== GIVEN DATA

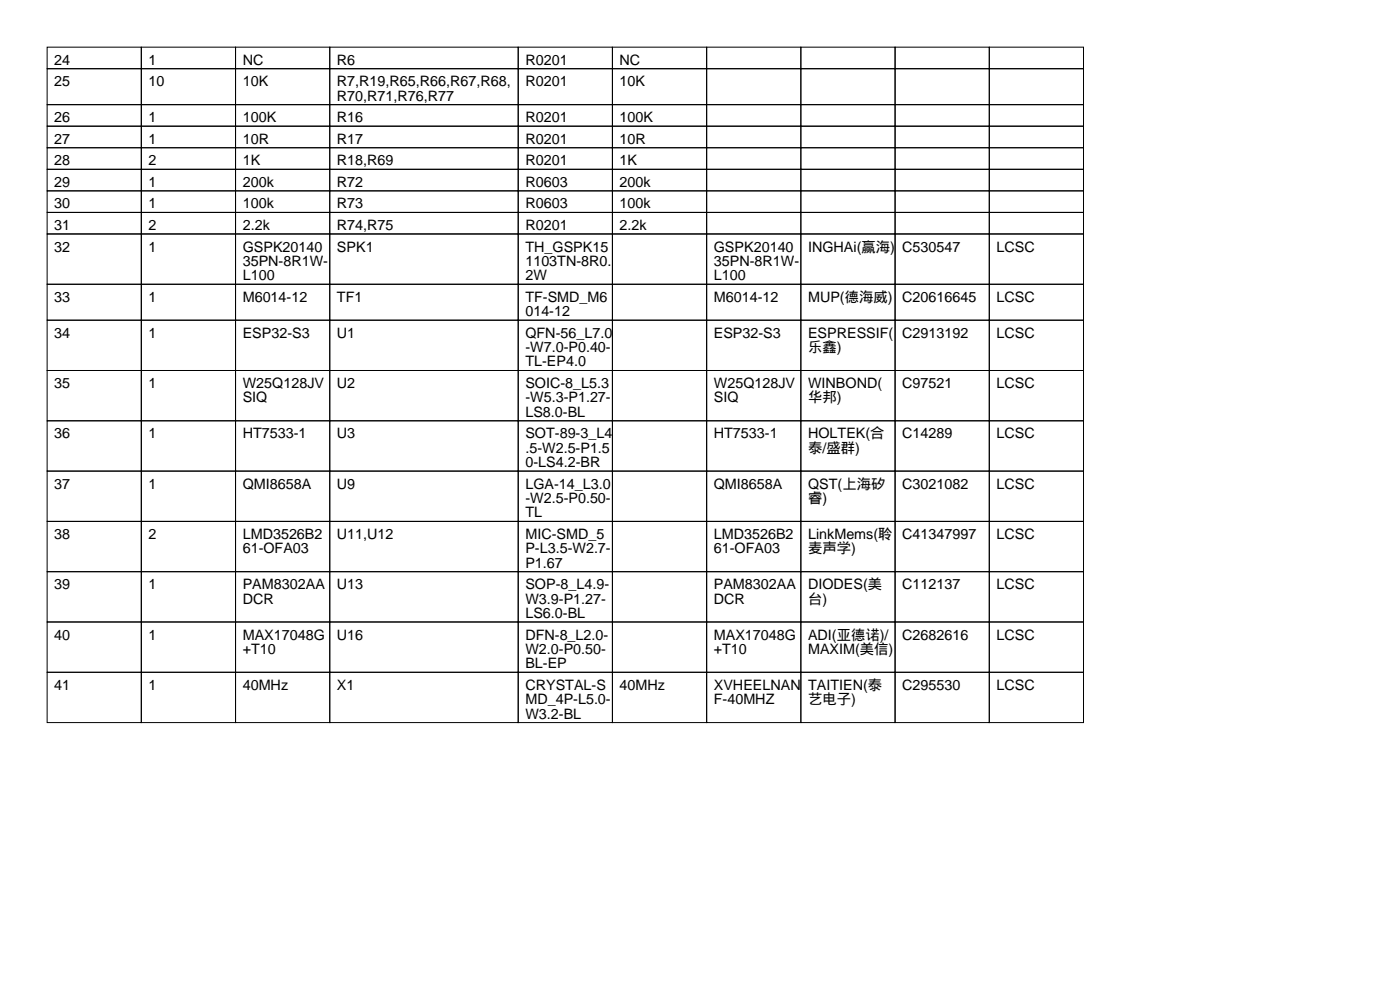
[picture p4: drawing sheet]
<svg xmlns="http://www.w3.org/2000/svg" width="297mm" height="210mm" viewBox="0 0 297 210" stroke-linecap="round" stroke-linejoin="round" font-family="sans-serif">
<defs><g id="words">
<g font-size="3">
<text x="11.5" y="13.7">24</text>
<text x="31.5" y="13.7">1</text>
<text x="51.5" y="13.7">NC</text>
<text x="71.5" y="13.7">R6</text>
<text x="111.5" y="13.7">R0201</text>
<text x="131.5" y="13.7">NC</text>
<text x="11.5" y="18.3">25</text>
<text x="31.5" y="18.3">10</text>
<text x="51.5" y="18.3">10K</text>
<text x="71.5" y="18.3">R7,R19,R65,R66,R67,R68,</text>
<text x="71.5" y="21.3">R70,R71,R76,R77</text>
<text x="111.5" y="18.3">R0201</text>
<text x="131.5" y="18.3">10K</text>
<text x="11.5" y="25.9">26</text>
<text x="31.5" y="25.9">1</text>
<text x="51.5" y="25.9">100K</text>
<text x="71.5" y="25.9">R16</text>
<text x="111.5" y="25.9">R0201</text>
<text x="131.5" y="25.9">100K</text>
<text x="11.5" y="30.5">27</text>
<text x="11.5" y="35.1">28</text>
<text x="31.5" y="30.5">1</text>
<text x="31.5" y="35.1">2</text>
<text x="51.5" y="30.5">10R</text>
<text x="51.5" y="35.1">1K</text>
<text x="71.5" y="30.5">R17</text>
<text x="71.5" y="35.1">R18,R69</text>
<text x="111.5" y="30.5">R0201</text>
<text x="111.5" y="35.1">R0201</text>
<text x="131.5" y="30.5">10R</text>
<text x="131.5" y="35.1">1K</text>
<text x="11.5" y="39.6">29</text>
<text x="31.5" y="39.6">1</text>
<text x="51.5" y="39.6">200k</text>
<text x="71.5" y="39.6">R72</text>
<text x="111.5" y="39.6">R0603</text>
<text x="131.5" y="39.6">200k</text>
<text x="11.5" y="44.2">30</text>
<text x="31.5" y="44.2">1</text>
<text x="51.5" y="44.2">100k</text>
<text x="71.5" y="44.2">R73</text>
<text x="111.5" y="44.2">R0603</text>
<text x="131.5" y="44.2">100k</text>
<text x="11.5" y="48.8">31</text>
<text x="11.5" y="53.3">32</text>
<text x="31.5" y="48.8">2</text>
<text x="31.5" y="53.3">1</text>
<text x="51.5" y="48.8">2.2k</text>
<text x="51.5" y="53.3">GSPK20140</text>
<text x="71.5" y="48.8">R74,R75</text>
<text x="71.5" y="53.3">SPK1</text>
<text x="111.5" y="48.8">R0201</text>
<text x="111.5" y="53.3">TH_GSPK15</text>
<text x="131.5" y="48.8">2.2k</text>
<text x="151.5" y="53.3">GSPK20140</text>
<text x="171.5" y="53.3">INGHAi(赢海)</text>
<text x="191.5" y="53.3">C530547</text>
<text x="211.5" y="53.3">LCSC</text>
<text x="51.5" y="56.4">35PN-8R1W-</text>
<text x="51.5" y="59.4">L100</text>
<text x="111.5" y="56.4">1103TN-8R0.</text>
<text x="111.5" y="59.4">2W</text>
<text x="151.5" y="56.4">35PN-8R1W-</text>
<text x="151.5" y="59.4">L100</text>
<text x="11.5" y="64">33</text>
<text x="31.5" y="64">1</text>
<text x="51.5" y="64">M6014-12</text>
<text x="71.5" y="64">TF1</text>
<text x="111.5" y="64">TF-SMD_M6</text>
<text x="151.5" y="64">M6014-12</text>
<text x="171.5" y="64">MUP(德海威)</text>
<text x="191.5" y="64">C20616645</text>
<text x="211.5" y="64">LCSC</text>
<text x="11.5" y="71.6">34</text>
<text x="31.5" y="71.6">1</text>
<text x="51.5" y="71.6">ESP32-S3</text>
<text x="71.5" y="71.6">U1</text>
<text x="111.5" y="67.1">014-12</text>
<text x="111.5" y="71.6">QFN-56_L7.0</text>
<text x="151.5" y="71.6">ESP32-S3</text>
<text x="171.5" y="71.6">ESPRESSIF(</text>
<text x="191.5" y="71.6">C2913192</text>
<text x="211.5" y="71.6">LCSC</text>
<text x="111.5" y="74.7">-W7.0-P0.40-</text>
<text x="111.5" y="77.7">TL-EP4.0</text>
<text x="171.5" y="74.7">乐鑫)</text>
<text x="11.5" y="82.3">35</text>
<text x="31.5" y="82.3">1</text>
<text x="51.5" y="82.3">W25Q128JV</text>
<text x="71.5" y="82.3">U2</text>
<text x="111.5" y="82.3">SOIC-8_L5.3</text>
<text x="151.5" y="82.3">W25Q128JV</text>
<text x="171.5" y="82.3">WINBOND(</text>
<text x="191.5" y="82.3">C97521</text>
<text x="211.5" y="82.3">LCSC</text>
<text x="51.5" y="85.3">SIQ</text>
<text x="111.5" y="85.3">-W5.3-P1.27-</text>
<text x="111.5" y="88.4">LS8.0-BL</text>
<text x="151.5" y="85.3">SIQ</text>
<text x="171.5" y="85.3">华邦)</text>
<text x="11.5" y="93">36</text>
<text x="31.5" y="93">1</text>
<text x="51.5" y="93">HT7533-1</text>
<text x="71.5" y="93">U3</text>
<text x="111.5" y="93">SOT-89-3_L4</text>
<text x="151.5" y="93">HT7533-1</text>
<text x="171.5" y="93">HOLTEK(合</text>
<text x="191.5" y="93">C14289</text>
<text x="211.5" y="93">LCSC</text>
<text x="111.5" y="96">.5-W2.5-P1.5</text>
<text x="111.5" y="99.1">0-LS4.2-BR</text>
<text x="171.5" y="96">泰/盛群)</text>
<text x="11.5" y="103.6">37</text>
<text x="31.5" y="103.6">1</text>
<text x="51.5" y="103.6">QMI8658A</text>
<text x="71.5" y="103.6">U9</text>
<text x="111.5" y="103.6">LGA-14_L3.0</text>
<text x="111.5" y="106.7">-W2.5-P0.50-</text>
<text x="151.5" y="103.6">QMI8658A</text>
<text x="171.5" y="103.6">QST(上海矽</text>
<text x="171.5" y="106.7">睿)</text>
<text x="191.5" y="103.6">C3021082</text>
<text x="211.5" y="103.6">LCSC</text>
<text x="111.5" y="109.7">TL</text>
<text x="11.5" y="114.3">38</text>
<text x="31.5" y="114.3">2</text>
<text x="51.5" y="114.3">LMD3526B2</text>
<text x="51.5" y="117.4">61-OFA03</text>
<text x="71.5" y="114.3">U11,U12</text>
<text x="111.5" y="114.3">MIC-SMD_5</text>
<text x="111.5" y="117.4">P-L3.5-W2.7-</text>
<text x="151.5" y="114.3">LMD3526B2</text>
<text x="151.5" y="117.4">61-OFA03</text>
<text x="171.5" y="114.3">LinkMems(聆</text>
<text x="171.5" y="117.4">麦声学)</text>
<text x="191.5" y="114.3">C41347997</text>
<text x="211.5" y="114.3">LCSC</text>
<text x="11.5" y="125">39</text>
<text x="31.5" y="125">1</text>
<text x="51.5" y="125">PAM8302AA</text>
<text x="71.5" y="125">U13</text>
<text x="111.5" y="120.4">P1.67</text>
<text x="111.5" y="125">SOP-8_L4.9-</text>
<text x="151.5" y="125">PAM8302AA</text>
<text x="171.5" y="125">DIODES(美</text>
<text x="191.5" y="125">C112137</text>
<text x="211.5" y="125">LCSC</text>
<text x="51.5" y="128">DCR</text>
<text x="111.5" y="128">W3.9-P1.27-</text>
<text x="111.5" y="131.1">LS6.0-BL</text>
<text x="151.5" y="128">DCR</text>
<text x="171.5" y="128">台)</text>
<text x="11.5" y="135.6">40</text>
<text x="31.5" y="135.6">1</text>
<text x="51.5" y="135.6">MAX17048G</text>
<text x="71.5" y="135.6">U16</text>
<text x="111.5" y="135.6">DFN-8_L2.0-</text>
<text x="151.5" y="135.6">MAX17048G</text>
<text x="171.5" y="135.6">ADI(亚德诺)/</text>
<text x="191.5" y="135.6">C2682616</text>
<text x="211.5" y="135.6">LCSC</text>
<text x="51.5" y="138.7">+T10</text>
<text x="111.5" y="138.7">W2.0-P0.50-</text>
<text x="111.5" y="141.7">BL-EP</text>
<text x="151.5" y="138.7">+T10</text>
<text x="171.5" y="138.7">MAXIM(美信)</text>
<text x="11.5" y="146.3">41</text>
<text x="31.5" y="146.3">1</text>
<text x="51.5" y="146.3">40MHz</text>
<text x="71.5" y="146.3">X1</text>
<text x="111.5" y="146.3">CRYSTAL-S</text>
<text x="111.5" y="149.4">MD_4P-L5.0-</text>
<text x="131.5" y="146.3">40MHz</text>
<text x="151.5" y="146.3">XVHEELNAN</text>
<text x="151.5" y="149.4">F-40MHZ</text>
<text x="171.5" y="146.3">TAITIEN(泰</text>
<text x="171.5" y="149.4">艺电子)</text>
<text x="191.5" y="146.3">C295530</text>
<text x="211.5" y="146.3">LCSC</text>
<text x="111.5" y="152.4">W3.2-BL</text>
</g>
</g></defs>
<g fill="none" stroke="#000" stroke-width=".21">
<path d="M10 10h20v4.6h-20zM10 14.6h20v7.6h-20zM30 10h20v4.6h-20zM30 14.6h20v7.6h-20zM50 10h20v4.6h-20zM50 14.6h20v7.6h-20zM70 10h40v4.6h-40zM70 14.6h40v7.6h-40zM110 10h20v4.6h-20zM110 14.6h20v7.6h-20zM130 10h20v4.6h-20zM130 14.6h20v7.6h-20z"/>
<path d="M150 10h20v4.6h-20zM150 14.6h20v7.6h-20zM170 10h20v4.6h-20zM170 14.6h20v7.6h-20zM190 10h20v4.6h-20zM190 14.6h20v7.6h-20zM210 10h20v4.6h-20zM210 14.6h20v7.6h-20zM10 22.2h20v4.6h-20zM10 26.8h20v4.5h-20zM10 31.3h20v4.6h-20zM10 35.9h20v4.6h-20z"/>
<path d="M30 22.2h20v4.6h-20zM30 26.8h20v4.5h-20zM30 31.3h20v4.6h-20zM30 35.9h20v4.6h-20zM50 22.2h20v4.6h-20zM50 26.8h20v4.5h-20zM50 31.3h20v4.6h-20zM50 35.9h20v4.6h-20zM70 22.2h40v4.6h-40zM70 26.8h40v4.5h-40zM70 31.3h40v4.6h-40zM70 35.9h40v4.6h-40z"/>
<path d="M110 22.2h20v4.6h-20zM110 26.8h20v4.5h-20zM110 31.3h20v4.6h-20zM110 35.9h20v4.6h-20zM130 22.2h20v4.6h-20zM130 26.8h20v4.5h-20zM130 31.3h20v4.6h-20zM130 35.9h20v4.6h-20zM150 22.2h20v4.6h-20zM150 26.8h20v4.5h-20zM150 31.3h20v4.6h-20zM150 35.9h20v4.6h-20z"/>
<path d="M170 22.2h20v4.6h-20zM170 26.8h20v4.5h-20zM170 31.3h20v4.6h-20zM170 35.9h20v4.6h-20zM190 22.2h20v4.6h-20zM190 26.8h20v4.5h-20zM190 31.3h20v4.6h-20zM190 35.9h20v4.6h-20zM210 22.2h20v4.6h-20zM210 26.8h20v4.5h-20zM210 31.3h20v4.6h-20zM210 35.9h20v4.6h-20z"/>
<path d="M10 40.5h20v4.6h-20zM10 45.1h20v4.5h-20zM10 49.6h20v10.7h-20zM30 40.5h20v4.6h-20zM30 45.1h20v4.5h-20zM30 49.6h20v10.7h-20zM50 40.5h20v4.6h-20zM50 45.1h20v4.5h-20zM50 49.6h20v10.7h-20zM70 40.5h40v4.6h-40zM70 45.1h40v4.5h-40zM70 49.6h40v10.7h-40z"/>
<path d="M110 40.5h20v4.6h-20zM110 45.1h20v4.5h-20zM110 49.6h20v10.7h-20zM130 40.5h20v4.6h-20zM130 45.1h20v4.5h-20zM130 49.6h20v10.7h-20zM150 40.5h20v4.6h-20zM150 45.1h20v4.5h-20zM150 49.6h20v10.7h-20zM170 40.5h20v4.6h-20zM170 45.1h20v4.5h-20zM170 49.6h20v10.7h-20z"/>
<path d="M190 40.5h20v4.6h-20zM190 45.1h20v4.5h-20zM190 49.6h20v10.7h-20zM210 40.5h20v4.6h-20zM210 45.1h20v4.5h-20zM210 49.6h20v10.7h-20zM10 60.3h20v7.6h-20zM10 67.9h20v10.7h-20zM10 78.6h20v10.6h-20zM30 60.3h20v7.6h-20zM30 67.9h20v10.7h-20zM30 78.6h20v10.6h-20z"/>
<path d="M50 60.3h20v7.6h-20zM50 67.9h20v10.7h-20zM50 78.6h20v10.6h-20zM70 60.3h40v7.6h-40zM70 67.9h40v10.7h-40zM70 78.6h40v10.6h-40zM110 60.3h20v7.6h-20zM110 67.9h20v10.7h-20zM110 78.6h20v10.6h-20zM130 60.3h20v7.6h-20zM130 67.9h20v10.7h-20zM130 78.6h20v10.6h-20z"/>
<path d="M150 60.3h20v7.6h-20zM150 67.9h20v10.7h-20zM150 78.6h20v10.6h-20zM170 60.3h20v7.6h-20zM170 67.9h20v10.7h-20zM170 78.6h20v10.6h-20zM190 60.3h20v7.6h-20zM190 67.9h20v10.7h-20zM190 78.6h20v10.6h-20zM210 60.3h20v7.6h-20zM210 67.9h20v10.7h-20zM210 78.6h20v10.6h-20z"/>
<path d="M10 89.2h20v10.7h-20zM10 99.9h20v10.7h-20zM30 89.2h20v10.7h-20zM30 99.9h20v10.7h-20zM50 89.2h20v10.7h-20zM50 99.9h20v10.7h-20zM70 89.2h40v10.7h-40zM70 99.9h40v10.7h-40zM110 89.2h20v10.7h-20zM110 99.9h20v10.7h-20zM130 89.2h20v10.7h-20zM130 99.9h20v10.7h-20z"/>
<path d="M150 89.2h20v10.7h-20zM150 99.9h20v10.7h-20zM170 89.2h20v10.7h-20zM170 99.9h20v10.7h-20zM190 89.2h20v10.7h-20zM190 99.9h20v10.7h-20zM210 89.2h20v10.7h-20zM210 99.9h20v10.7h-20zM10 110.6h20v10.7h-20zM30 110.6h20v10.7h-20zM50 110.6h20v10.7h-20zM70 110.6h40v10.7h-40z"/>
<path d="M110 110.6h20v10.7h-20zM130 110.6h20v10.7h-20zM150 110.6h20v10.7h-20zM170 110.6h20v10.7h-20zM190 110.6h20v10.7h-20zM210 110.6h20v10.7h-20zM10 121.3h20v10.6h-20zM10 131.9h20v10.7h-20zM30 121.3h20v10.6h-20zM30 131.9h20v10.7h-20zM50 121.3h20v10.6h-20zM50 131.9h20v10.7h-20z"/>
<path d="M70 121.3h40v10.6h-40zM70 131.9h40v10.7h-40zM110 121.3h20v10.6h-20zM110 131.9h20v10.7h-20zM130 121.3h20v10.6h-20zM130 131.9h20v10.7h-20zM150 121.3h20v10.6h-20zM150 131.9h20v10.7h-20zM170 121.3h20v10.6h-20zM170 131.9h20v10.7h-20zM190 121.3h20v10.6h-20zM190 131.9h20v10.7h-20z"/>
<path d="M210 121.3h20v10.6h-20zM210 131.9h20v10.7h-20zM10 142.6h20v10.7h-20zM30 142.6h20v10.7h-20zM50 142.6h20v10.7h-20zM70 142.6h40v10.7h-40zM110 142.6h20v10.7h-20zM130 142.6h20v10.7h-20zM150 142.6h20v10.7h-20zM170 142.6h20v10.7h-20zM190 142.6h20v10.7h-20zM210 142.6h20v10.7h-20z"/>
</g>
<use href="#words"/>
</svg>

====

EXERCISE INSTRUCTIONS:
Note which lines carry the word "font" in the material, then copy each of them.

ANSWER BOX:
<svg xmlns="http://www.w3.org/2000/svg" width="297mm" height="210mm" viewBox="0 0 297 210" stroke-linecap="round" stroke-linejoin="round" font-family="sans-serif">
<g font-size="3">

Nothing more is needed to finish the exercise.